Every day for seventy years
Psychogeography: “… A whole toy box of playful, inventive strategies for exploring cities … just about anything that takes pedestrians off their predictable paths and jolts them into a new awareness of their urban environments.” (Joseph Hart)
In the documentary Jiro Dreams of Sushi, Jiro, who has been making sushi every day for seventy years, knows that the only way to get close to perfection is to do the same thing again, and again, and again, every day, for years and years.
Every day he slices the fish, presses it onto the rice, glazes it with a flourish. He says he still isn’t bored. He says he still isn’t quite happy with the result.
Something happens when you are able to make friends with repetition. I don’t mean monotonous tasks that take you to the edge of your patience. I mean something you can love. That thing is that slowly you gain a deeper understanding of whatever your subject is. And at the same time you teach yourself about how good it can be to take your time.
You’ve got your whole life to get good at something. A woman said that to me once.
You run round the same park. You move back into downward-facing dog, again. You wake up to the same face in bed opposite you.
Last night I walked back from Islington to Hackney, against the path of the canal, invisible to me behind the wall: past the gardens of de Beauvoir, across Kingsland Rd from N1 to E8. I felt the of joy walking inside me, and it didn’t matter that I walk or cycle that same route every day to and from work. It felt new. Virginia Woolf used to go out “to buy a pencil”, even when she didn’t need a pencil. She noticed how walking shifted ideas around your head. As I walked last night, I had a new idea about something I want to write, and a new idea about the way I want to write, and I saw a building on the edge of the canal against the break in the skyline that I wanted to put into a story.

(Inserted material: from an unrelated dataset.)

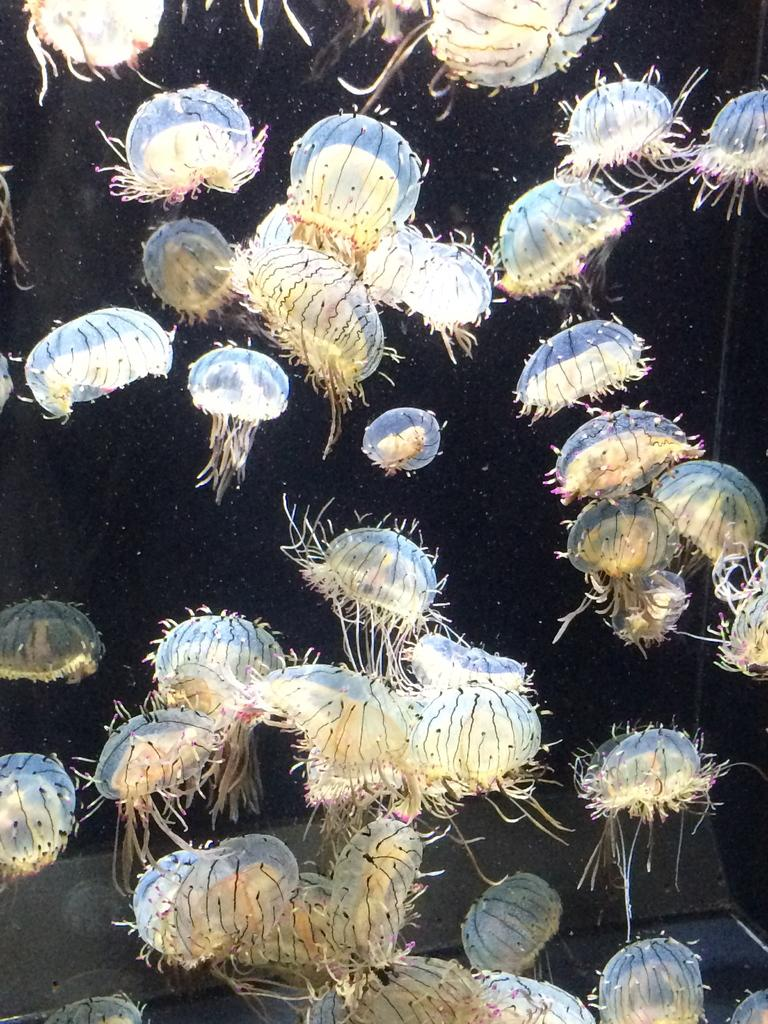What type of animals can be seen in the image? There are water animals in the image. What color is the background of the image? The background of the image is black. How many toes does the hen have in the image? There is no hen present in the image, so it is not possible to determine the number of toes it might have.

Moments of meaning don’t come often. You have to catch them before they flutter away.
I looked down at my legs as I walked, the legs that were carrying me home. For years I would look at them and notice the imperfections, the things I wanted to change. Last night I thought: I will have the same legs for the rest of my life. Even when I’m seventy (I hope they get me to seventy). They’ll change and veins will streak like lightning and the skin will shrivel and wrinkle. We have to live with getting old. But the same legs. For once they weren’t something to compare to a girl in a magazine’s. They are my amazing legs; they are taking me places.
I don’t think I’d ever thought this before. In all the times I’ve ever walked anywhere.
In the pub, we’d met some really cool people, two actors, one photographer. They bought us a drink and were so friendly and interested about what we were doing and writing. One of them, the actor said: whatever you will write will be good, you’ve just got to keep practicing. Keep trying, keep trying, be honest, it won’t fail to be good. The other said: when I was first a photographer I was the worst photographer in the world. He said: it’s true what they say about 99% perspiration, 1% inspiration.
He said: everything you do is a step on the path to getting better.